The Bloom filter is an interesting data structure for modelling approximate sets of objects. It can tell you with certainty that an object is not in a collection, but may give false positives. If you write Java for a living, I would not suggest you implement your own, because there is a perfectly good implementation in Guava. It can be illuminating to write one from scratch, however.

Interface

You can do two things with a Bloom filter: put things in it, and check if the filter probably contains items. This leads to the following interface:

public class BloomFilter<T> {
    void add(T value);

    boolean mightContain(T value);
}

Java Bloom Filter Implementation

A Bloom filter represents a set of objects quite succinctly as a bit array of finite length. Unlike a bitset, the bit array stores hashes of the objects, rather than object identities. In practice, you need multiple hash functions, which, modulo the capacity of the bit array, will collide only with low probability. The more hashes you have, the slower insertions and look ups will be. There is also a space trade off for improved accuracy: the larger the array, the less likely collisions of hashes modulo the capacity will be.

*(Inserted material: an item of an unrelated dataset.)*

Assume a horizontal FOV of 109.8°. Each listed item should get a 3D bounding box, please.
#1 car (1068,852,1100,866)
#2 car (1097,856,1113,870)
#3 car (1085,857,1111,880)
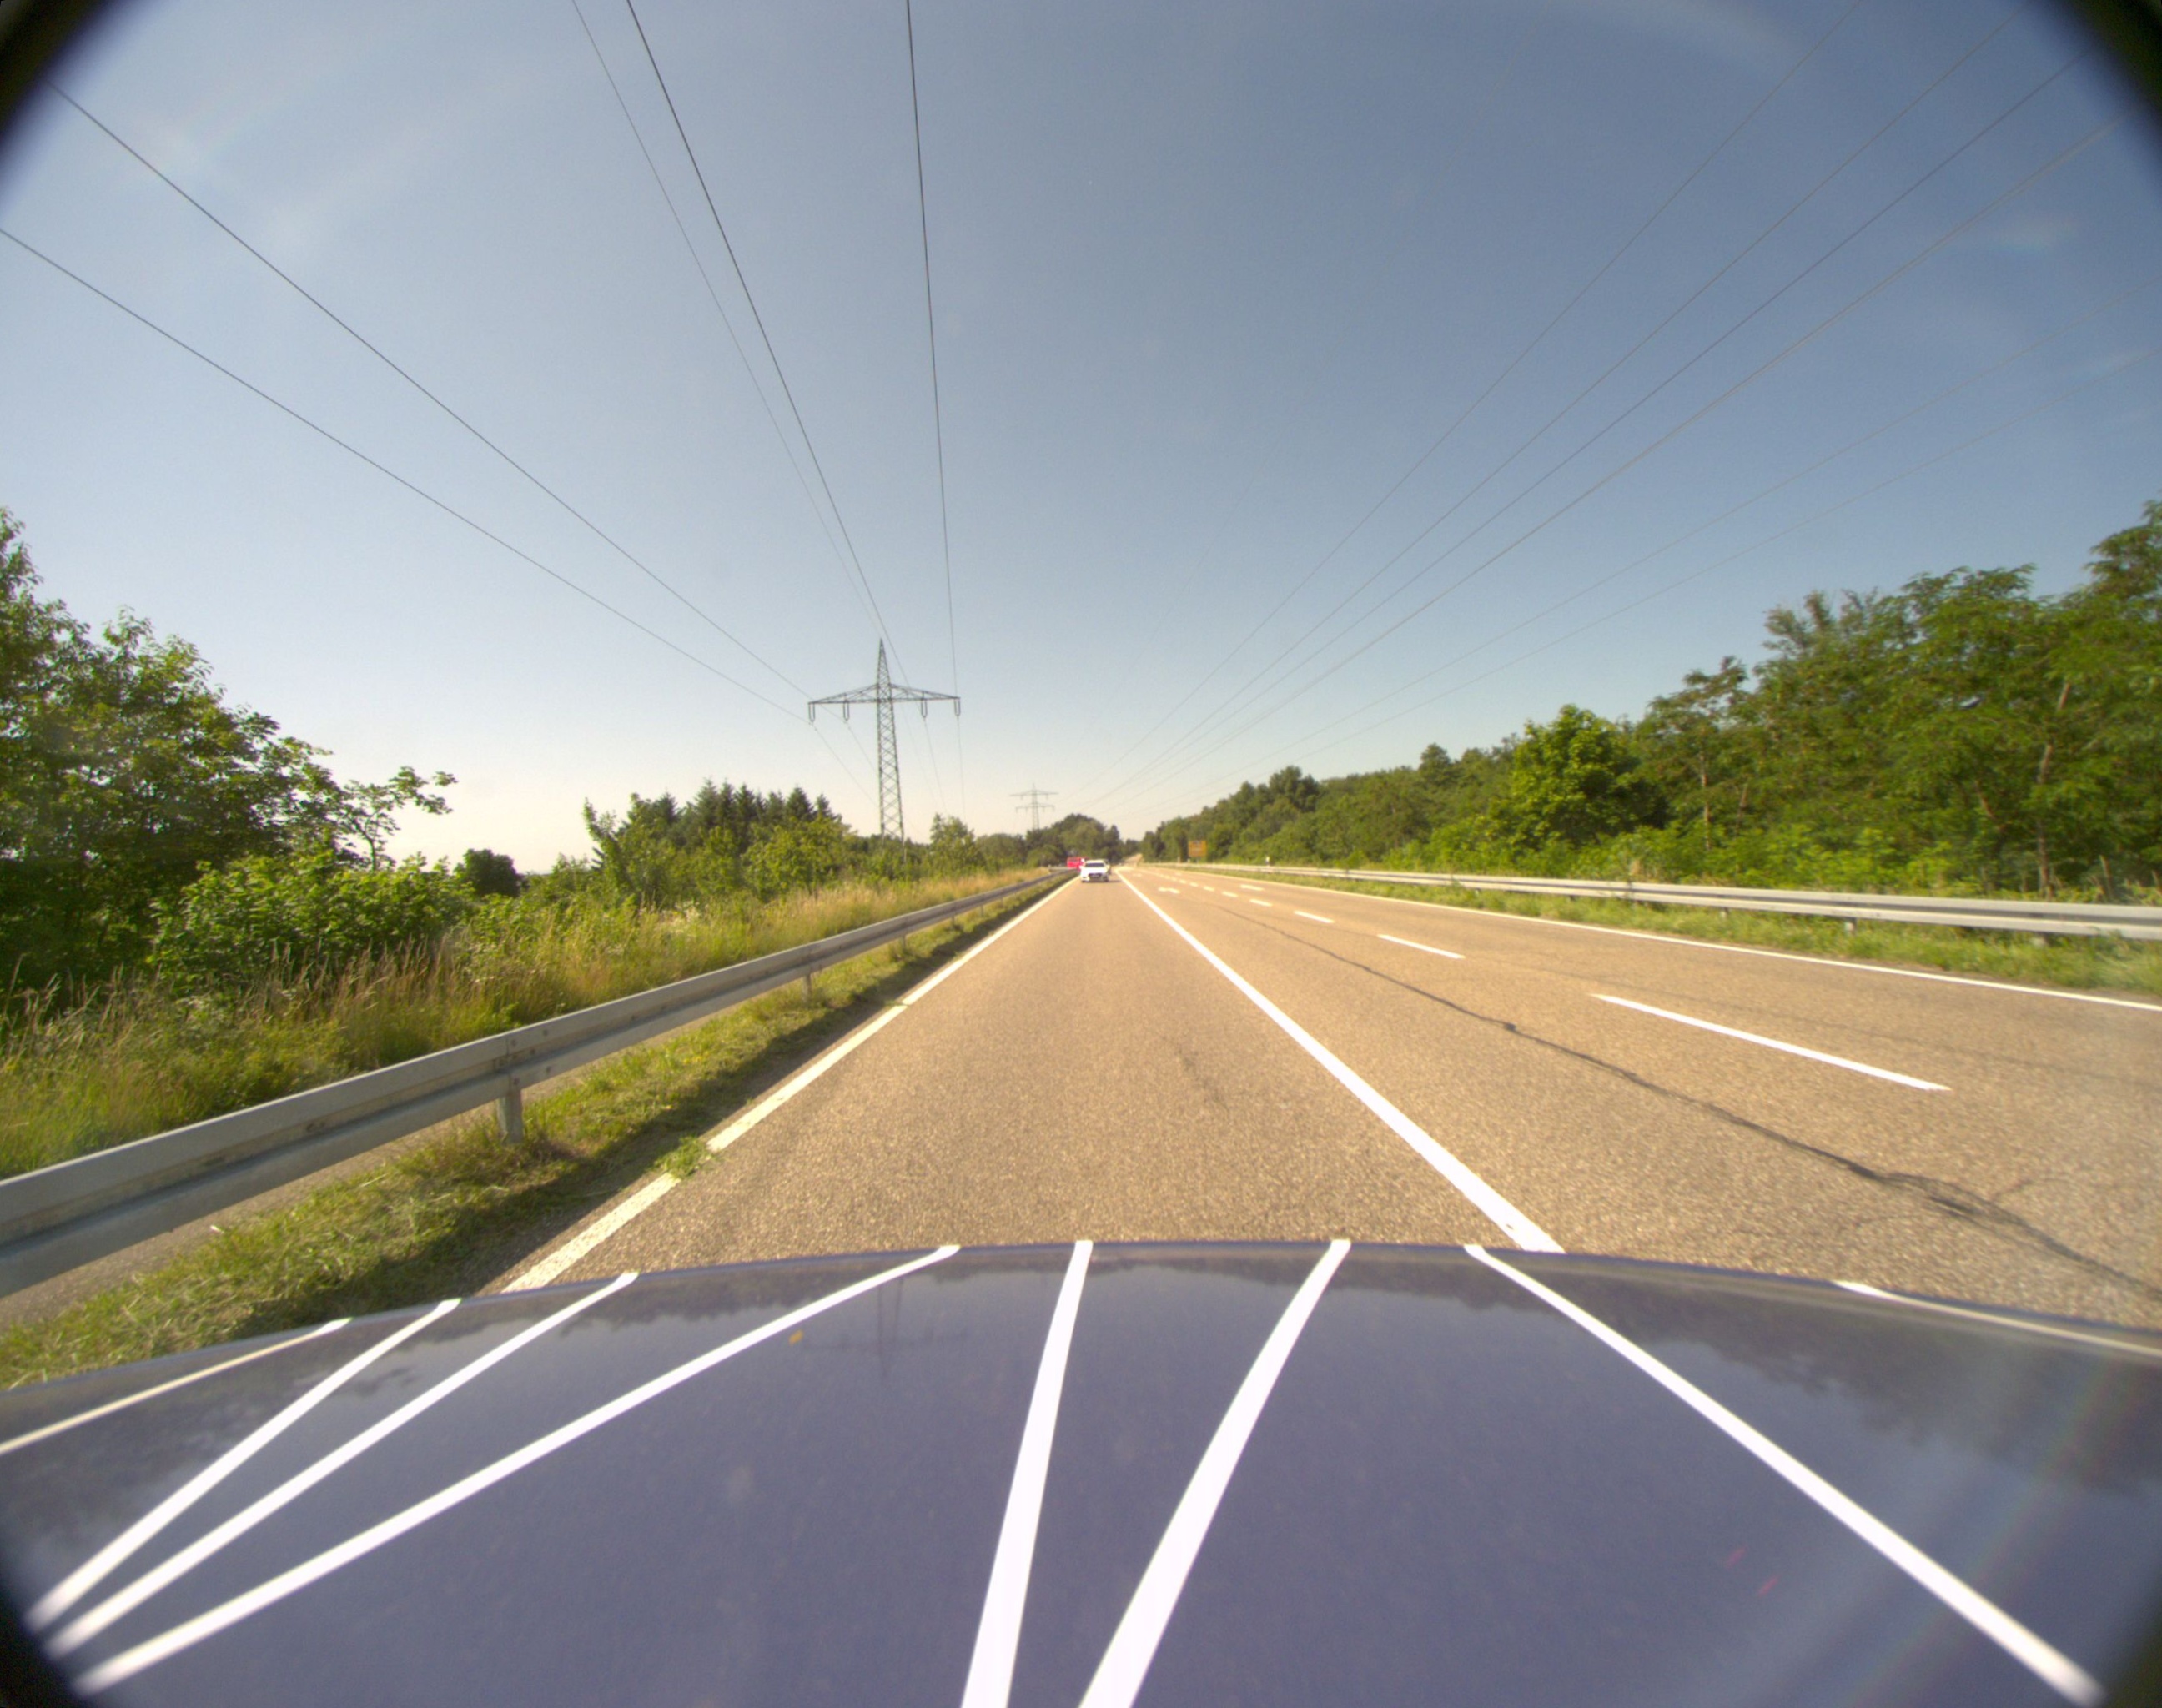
[{"bbox_3d":[0.413,0.709,104.454,1.799,1.892,4.826,-1,0,-36],"label":"car"},{"bbox_3d":[2.497,0.920,79.045,1.549,1.460,3.661,-2,0,0],"label":"car"},{"bbox_3d":[1.139,0.960,51.961,1.683,1.471,4.473,-1,0,1],"label":"car"}]

Since you probably want to be able to control the hash functions you use, the interface ToIntFunction fits in nicely as the perfect abstraction. You can set this up simply with a builder.

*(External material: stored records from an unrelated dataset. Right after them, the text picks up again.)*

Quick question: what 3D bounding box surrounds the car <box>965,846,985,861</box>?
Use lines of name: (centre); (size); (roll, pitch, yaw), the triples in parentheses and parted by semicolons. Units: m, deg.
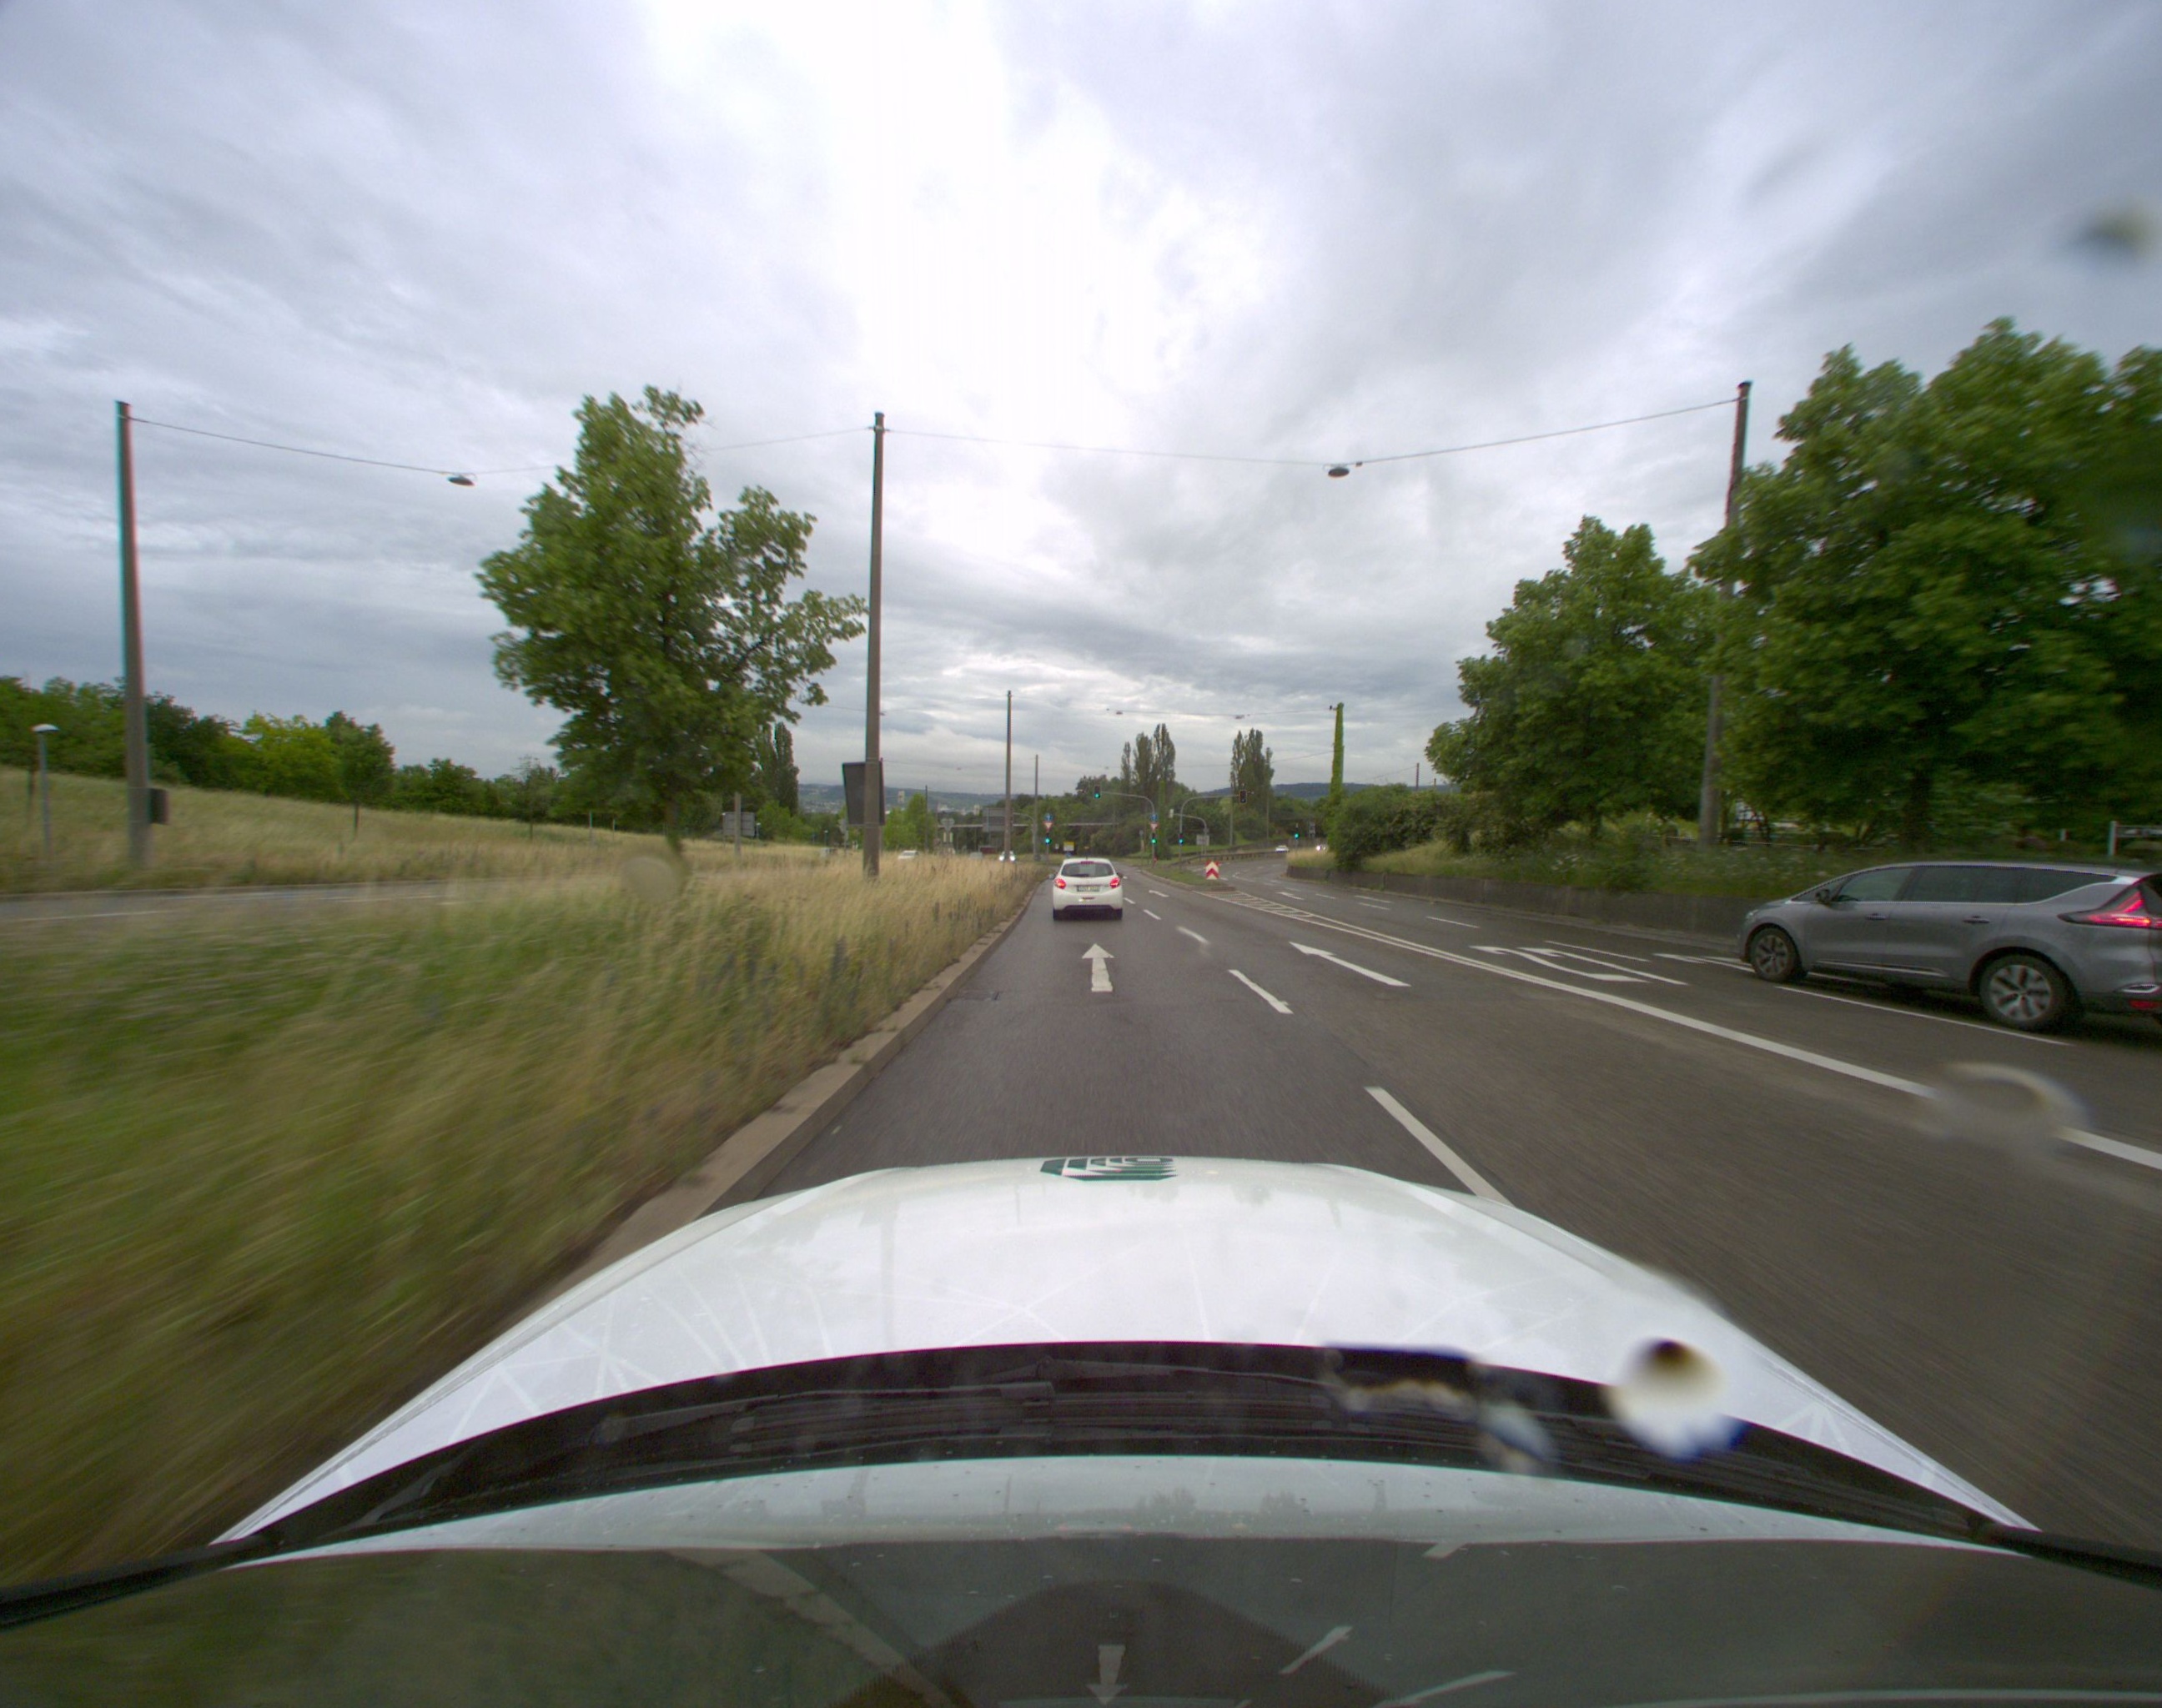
car: (-11.722, -0.017, 90.047); (1.891, 1.537, 3.995); (0, -1, -3)

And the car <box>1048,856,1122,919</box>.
car: (0.159, 0.789, 20.715); (1.702, 1.440, 3.692); (-1, -1, 2)

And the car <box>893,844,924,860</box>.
car: (-17.775, -0.188, 84.076); (1.878, 1.611, 4.679); (1, -1, 3)

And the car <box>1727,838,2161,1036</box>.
car: (9.850, 0.794, 9.103); (1.718, 1.649, 4.627); (2, -2, 2)

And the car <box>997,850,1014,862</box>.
car: (-8.582, 0.245, 92.555); (1.734, 1.373, 3.995); (0, -1, -3)

    public static <T> Builder<T> builder() {
        return new Builder<>();
    }


    public static class Builder<T> {
        private int size;
        private List<ToIntFunction<T>> hashFunctions;

        public Builder<T> withSize(int size) {
            assert Integer.bitCount(size) == 1; 
            this.size = size;
            return this;
        }

        public Builder<T> withHashFunctions(List<ToIntFunction<T>> hashFunctions) {
            this.hashFunctions = hashFunctions;
            return this;
        }

        public BloomFilter<T> build() {
            return new BloomFilter<>(new long[size >>> 6], size, hashFunctions);
        }
    }

    private final long[] array;
    private final int size;
    private final List<ToIntFunction<T>> hashFunctions;

    public BloomFilter(long[] array, int logicalSize, List<ToIntFunction<T>> hashFunctions) {
        this.array = array;
        this.size = logicalSize;
        this.hashFunctions = hashFunctions;
    }

    private int mapHash(int hash) {
        return hash & (size - 1);
    }

Adding Values

To add a value, you need to take an object, and for each hash function hash it modulo the capacity of the bit array. Using a long[] as the substrate of the bit set you must locate the word each hash belongs to, and set the bit corresponding to the remainder of the hash modulo 64. You can do this quickly as follows:

   public void add(T value) {
        for (ToIntFunction<T> function : hashFunctions) {
            int hash = mapHash(function.applyAsInt(value));
            array[hash >>> 6] |= 1L << hash;
        }
    }

Note that each bit may already be set.

Querying the bit set

To check if an object is contained in the bitset, you need to evaluate the hashes again, and find the corresponding words. You can return false if the intersection of the appropriate word and the bit corresponding to the remainder modulo 64 is zero. That looks like this:

    public boolean mightContain(T value) {
        for (ToIntFunction<T> function : hashFunctions) {
            int hash = mapHash(function.applyAsInt(value));
            if ((array[hash >>> 6] & (1L << hash)) == 0) {
                return false;
            }
        }
        return true;
    }

Note that this absolutely does not mean the object is contained within the set, but you can get more precise results if you are willing to perform more hash evaluations, and if you are willing to use a larger bit array. Modeling the precise false positive rate is not clear cut.

BitFunnel

Just as is the case for bitmap indices, bit slicing is a useful enhancement for Bloom filters, forming the basis of BitFunnel. In a follow up post I will share a simplified implementation of a bit sliced Bloom filter.